Cluster identity — why patterns are scoped per cluster¶
get_cluster_id() (in app/cluster_id.py) hashes the kube-apiserver URL +
namespace count to produce a stable cluster fingerprint. Every rca_outcomes
row and every failure_patterns row carries it (cluster_id column).
Why. A pattern learned on a Kind dev cluster is almost never the right fix for the same symptom on a production EKS cluster. Image registries, node sizes, RBAC, and CSI drivers all differ. Without scoping, the dev cluster poisons prod prompts (and vice versa).

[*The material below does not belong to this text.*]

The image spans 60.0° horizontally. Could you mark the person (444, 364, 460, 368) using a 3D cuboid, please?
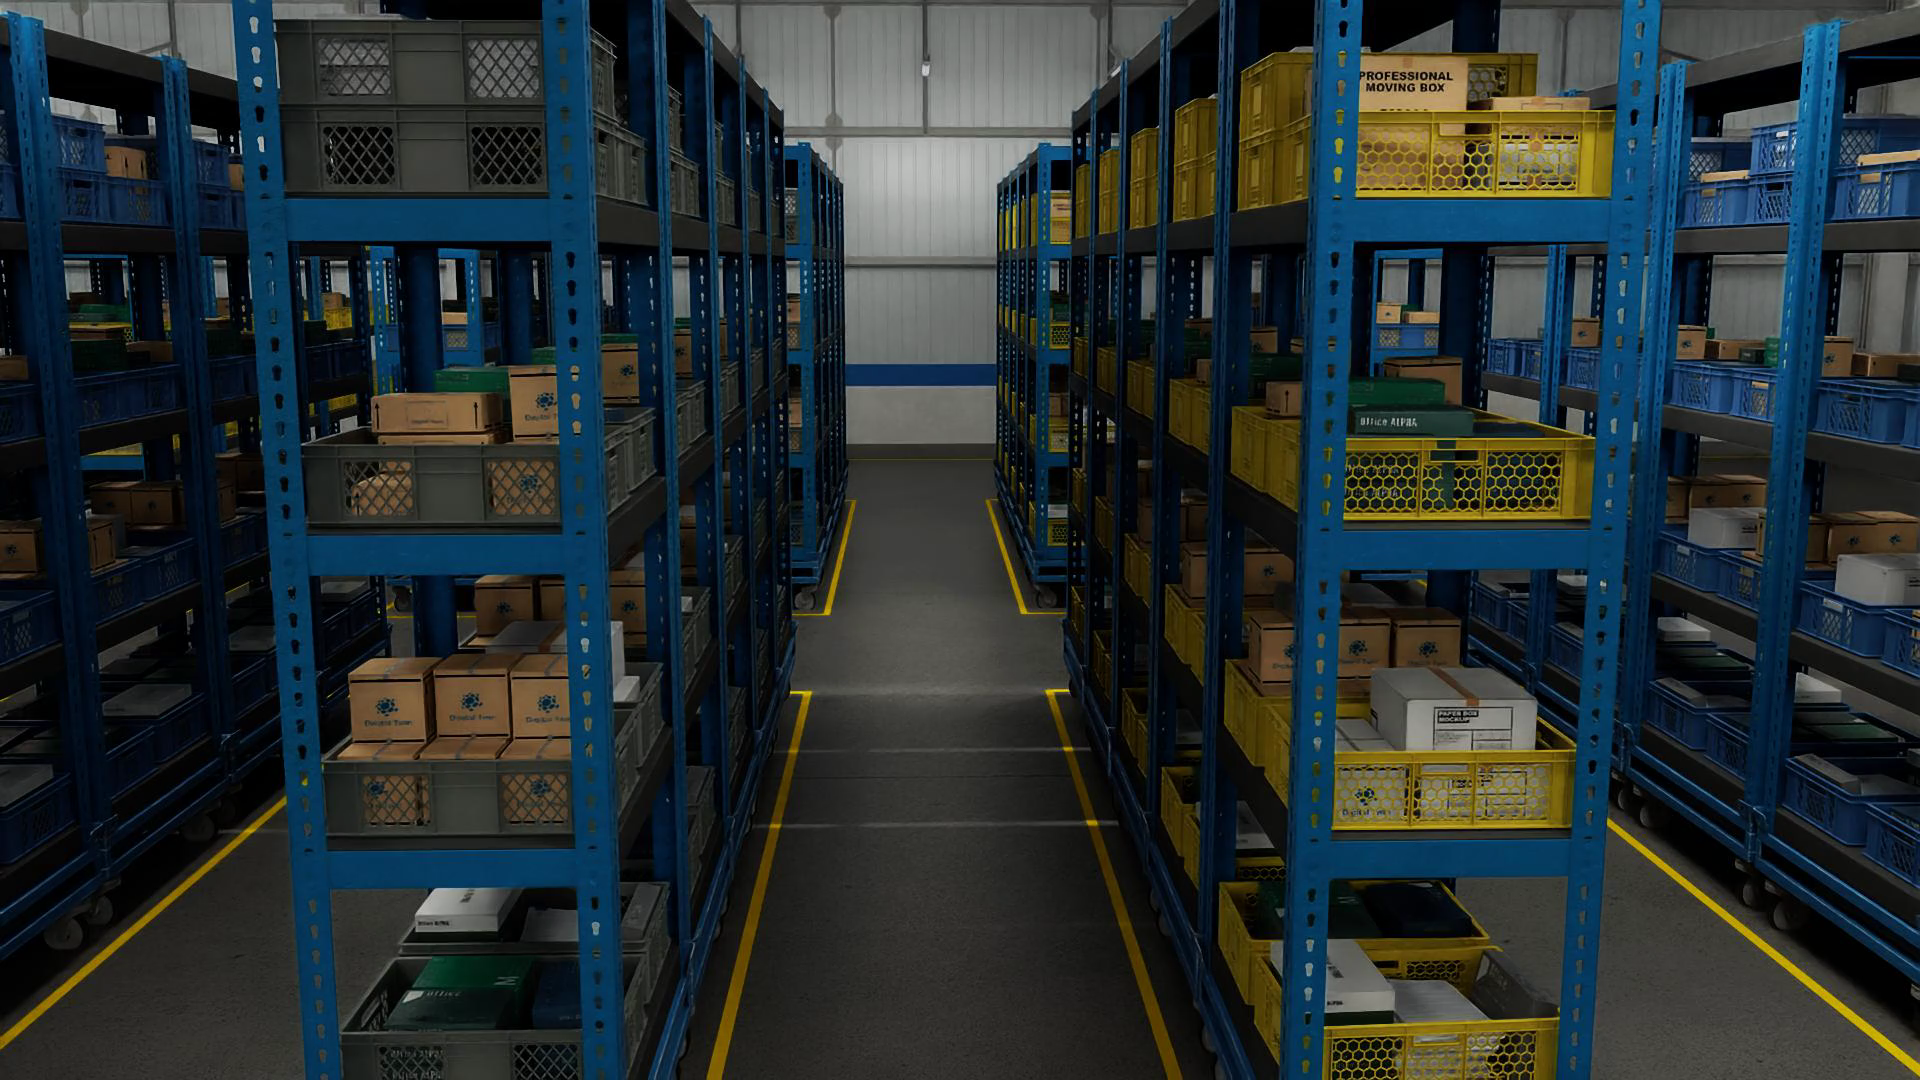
[{"bbox_3d":[-6.227,-1.602,20.686,0.933,1.792,0.600,-2,10,-13],"label":"person"}]

The read paths filter cluster_id IN (current, 'unknown') — old rows from
before this column existed ('unknown') still match anywhere; new rows are
strict. As 'unknown' rows age out via retention, the system naturally
converges to per-cluster patterns only.
Confidence resolution table (R5)¶
| Path | Playbook matched | Verified resolved | Confidence | Eligible for promotion |
|---|---|---|---|---|
| Direct answer | yes | yes | 0.9 | yes |
| Direct answer | yes | no | 0.7 | no |
| Direct answer | no | yes | 0.7 | no |
| Direct answer | no | no | 0.5 | no |
| Synthesis (multi-subagent) | n/a | n/a | model-reported, ≤0.95 | yes if ≥0.9 |
| Read-only turn | n/a | n/a | not recorded | n/a |
The 0.7 / 0.5 buffer rows still get written to rca_outcomes so they can
inform the soft read. Only 0.9 reaches the high-value injection.

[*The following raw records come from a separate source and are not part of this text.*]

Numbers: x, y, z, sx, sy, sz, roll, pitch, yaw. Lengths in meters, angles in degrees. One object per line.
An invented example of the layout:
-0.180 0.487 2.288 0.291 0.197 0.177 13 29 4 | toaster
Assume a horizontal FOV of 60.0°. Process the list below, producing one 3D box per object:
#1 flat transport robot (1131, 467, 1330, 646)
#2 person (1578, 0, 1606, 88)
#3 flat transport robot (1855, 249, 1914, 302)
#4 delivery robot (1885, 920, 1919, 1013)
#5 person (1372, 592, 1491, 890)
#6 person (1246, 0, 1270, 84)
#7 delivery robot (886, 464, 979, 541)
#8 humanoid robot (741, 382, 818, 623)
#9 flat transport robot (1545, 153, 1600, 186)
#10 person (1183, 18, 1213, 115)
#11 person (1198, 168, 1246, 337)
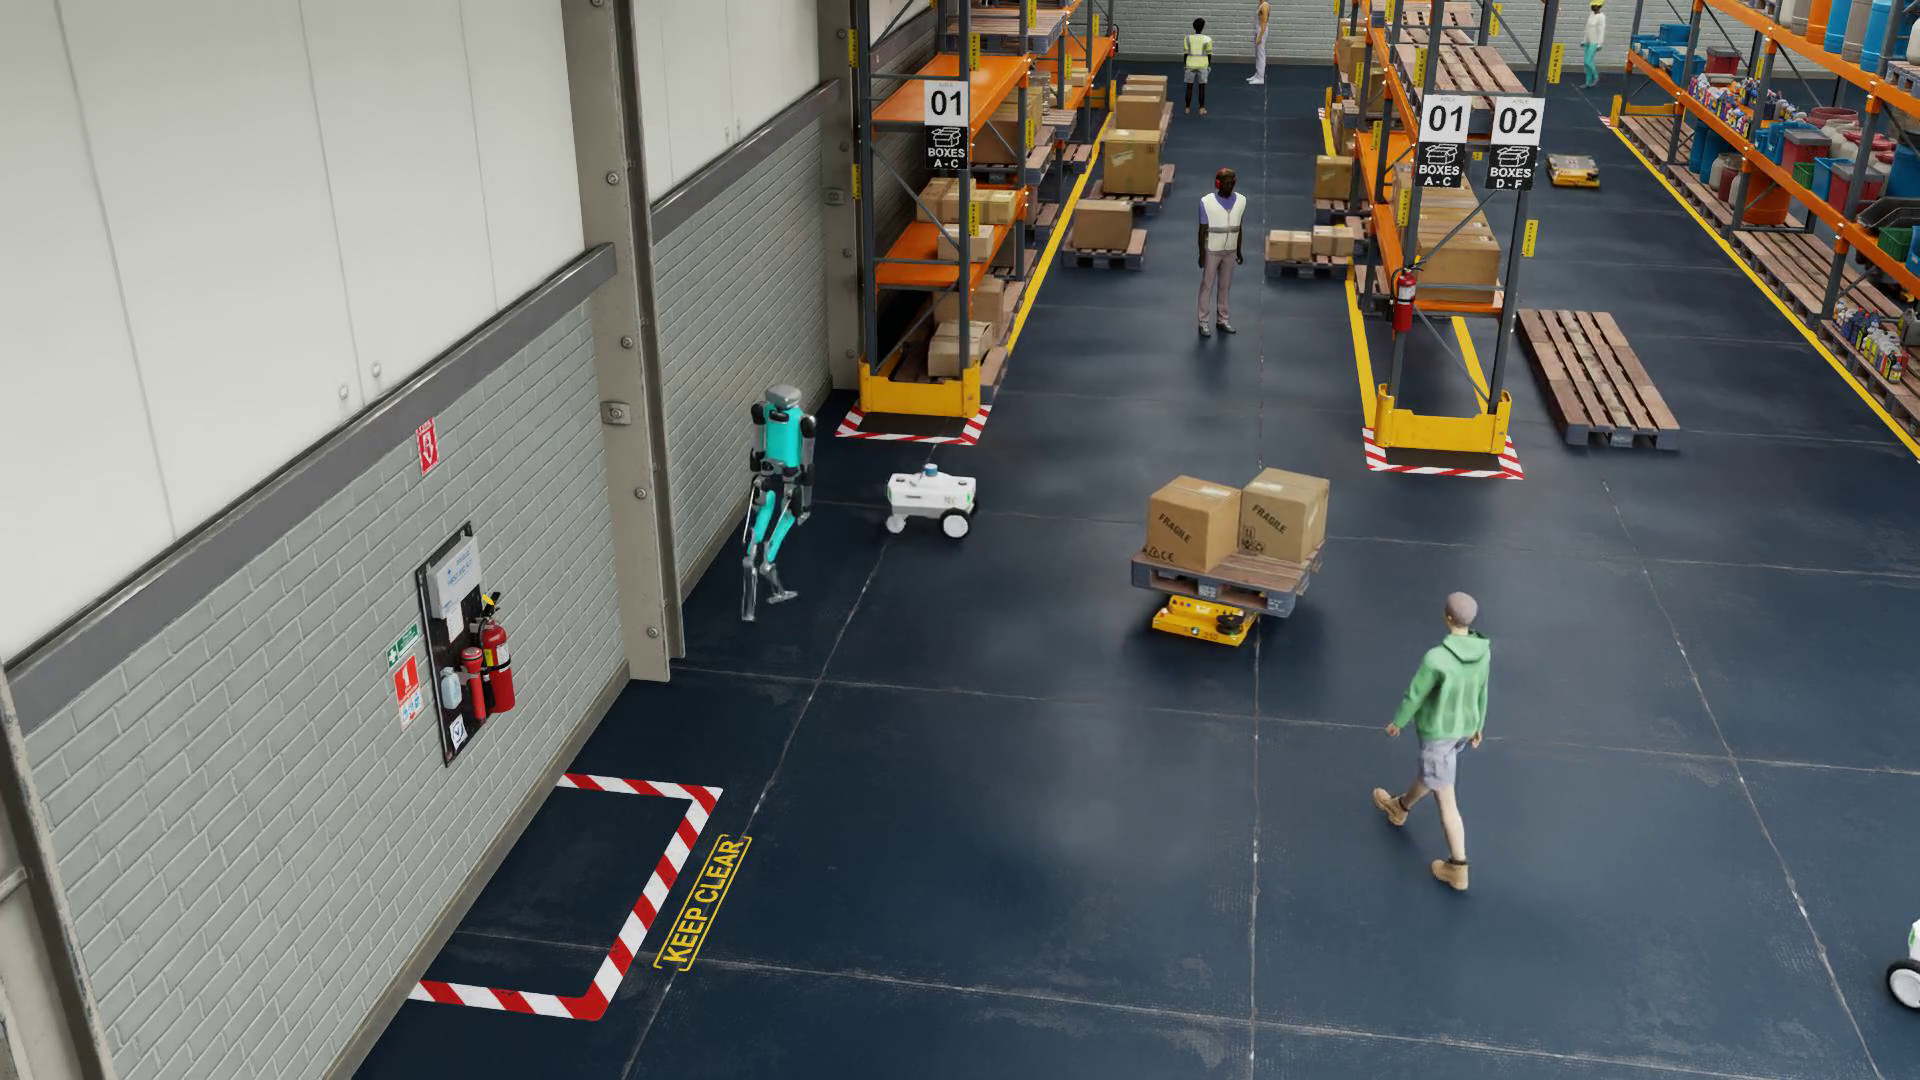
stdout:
2.005 0.365 12.577 0.659 0.231 1.431 12 27 23 | flat transport robot
12.243 -9.643 32.250 0.378 1.755 0.526 -4 25 -7 | person
11.542 -3.119 20.032 0.659 0.231 1.431 4 25 9 | flat transport robot
5.130 2.181 8.344 0.525 0.587 0.750 -17 30 -31 | delivery robot
2.695 1.063 9.397 0.467 1.690 0.923 -14 28 -27 | person
5.890 -9.966 32.803 0.367 1.864 0.510 1 25 2 | person
-0.210 -0.325 13.737 0.807 0.613 0.499 3 25 7 | delivery robot
-1.408 -0.179 12.124 0.576 1.863 0.760 12 27 23 | humanoid robot
9.384 -5.672 25.498 0.659 0.231 1.431 6 26 12 | flat transport robot
4.253 -8.487 29.830 0.535 1.699 0.318 7 26 16 | person
2.854 -3.172 18.283 0.563 1.845 0.390 -11 27 -22 | person

Loki dashboard — the operational view¶
A pre-built Grafana dashboard ships at
deploy/grafana/dashboards/reflexion.json. Import it into your Grafana
instance (Dashboards → New → Import) and pick your Loki datasource when
prompted.
Panels:
| Panel | Question it answers |
|---|---|
| Outcomes recorded (24h) | Are we even writing to the table? |
| Verified resolutions (24h) | Are fixes actually fixing? |
| Patterns seeded (24h) | Are new patterns graduating to failure_patterns? |
| Cooldown skips (24h) | Is your test rig inflating counts? |
| Verified vs partial vs regression (rate) | Quality timeseries — verified should dominate |
| Confidence distribution | Are we mostly producing 0.5s, 0.7s, or 0.9s? |
| Pattern seeds (logs) | Audit trail of every promotion |
| Pattern bumps + demotions (logs) | Audit trail of every count bump |
| Reflexion failures (logs) | Async write/verify failures (don't break user response) |
Why a Loki dashboard, not a database query view. The dashboard reads
structured log lines (reflexion: outcome recorded …) emitted at the moment
the event happens. That gives time resolution, retention beyond the DB purge,
and decoupling — even if the DB is briefly unavailable, the log line still
lands. The DB is the source of truth for current state; Loki is the source
of truth for what happened.
The log lines come from:
app/db/memory_store.py—outcome recorded,seeded pattern,cooldown active,bumped pattern,demoted patternapp/agent/nodes/coordinator.py—recorded RCA outcome,failed to schedule outcome write
All prefixed reflexion: so the dashboard's LogQL filters are stable.
Feature flags¶
All knobs live in app/core/config.py. See
Configuration → Reflexion flags for the
full table.
| Flag | Default | Effect |
|---|---|---|
REFLEXION_ENABLED |
True |
Master switch |
REFLEXION_VERIFY_RESOLUTION |
True |
R4 — post-fix verification snapshot |
REFLEXION_REDACT_SECRETS |
True |
R8 — strip credentials before storing manifests |
REFLEXION_PATTERN_COOLDOWN_HOURS |
1 |
R6 — minimum gap between count bumps |
REFLEXION_PATTERN_DECAY_DAYS |
30 |
R6 — read-side filter on stale patterns |
Each can be flipped independently to roll back a specific behavior without disabling the whole subsystem.